🤖 AI Summary
Current AI systems vastly exceed the human brain in terms of data consumption, computational demands, and energy usage, highlighting an urgent need to draw inspiration from the efficiency of biological intelligence. This work proposes modularity as a unifying foundational principle bridging natural and artificial intelligence. Through an interdisciplinary review and conceptual framework, it systematically integrates insights from neuroscience with modular practices in AI—such as modular neural networks, multi-task learning, and neural architecture search. The study offers the first comprehensive argument that modularity provides task-specific inductive biases, enabling efficient learning and strong generalization. It further reveals the emergent computational advantages of modularity across diverse AI domains, offering theoretical guidance for designing the next generation of efficient, generalizable artificial intelligence systems.
📝 Abstract
The remarkable performance of modern AI systems has been driven by unprecedented scales of data, computation, and energy -- far exceeding the resources required by human intelligence.

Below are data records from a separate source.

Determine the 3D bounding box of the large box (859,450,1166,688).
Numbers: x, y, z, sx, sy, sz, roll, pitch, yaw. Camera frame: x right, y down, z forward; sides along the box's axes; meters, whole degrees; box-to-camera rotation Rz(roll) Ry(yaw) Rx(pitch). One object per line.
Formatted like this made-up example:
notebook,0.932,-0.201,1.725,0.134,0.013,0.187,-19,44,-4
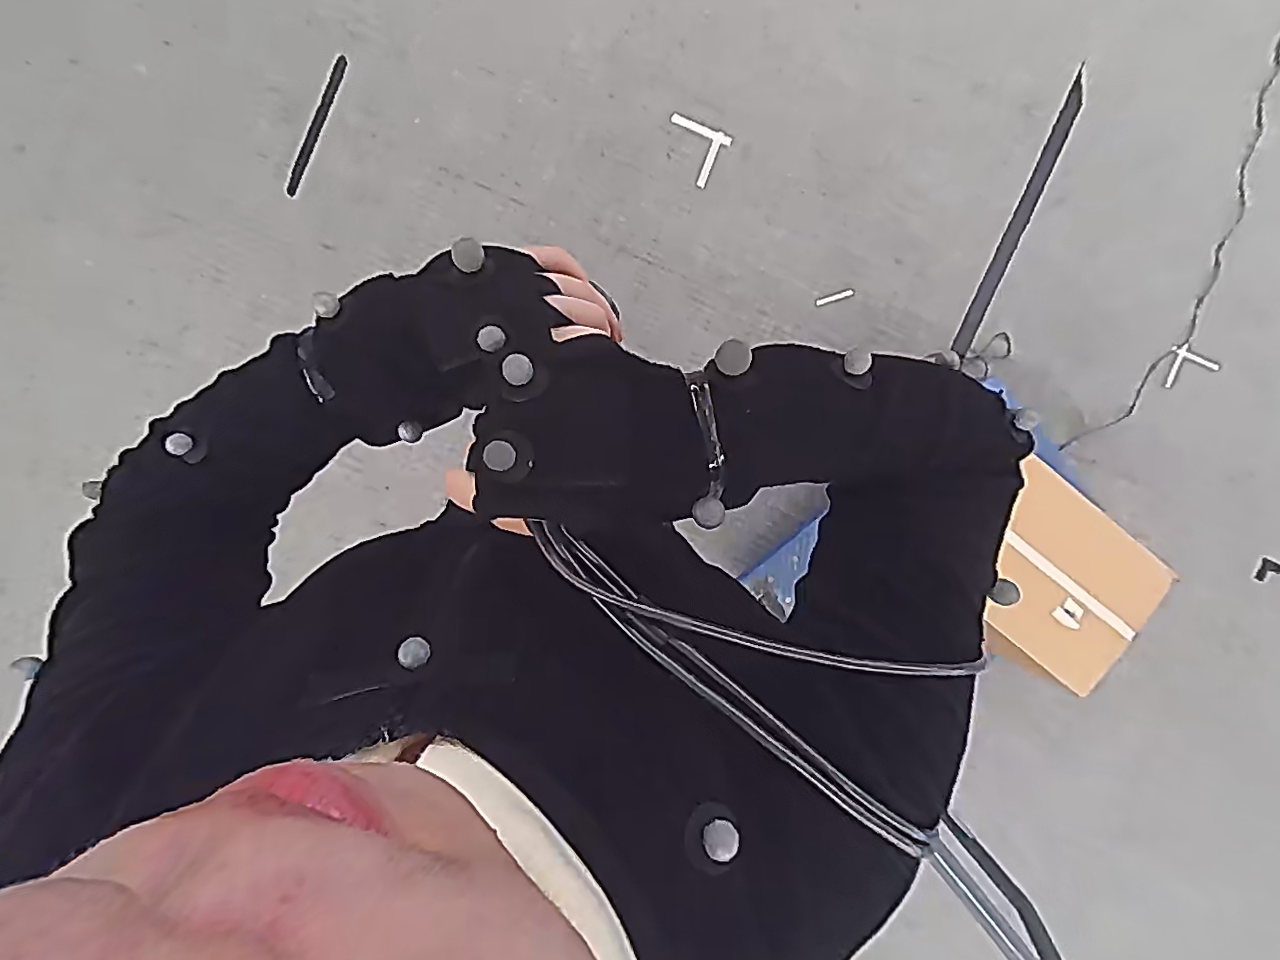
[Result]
large box,0.793,0.172,1.209,0.408,0.320,0.320,39,90,-4

This disparity highlights the need for new guiding principles and motivates drawing inspiration from the fundamental organizational principles of brain computation. Among these principles, modularity has been shown to be critical for supporting the efficient learning and strong generalization abilities consistently exhibited by humans. Furthermore, modularity aligns well with the No Free Lunch Theorem, which highlights the need for problem-specific inductive biases and motivates architectures composed of specialized components that solve subproblems. However, despite its fundamental role in natural intelligence and its demonstrated benefits across a range of seemingly disparate AI subfields, modularity remains relatively underappreciated in mainstream AI research. In this work, we review several research threads in artificial intelligence and neuroscience through a conceptual framework that highlights the central role of modularity in supporting both artificial and natural intelligence. In particular, we examine what computational advantages modularity provides, how it has emerged as a solution across several AI research areas, which modularity principles the brain exploits, and how modularity can help bridge the gap between natural and artificial intelligence.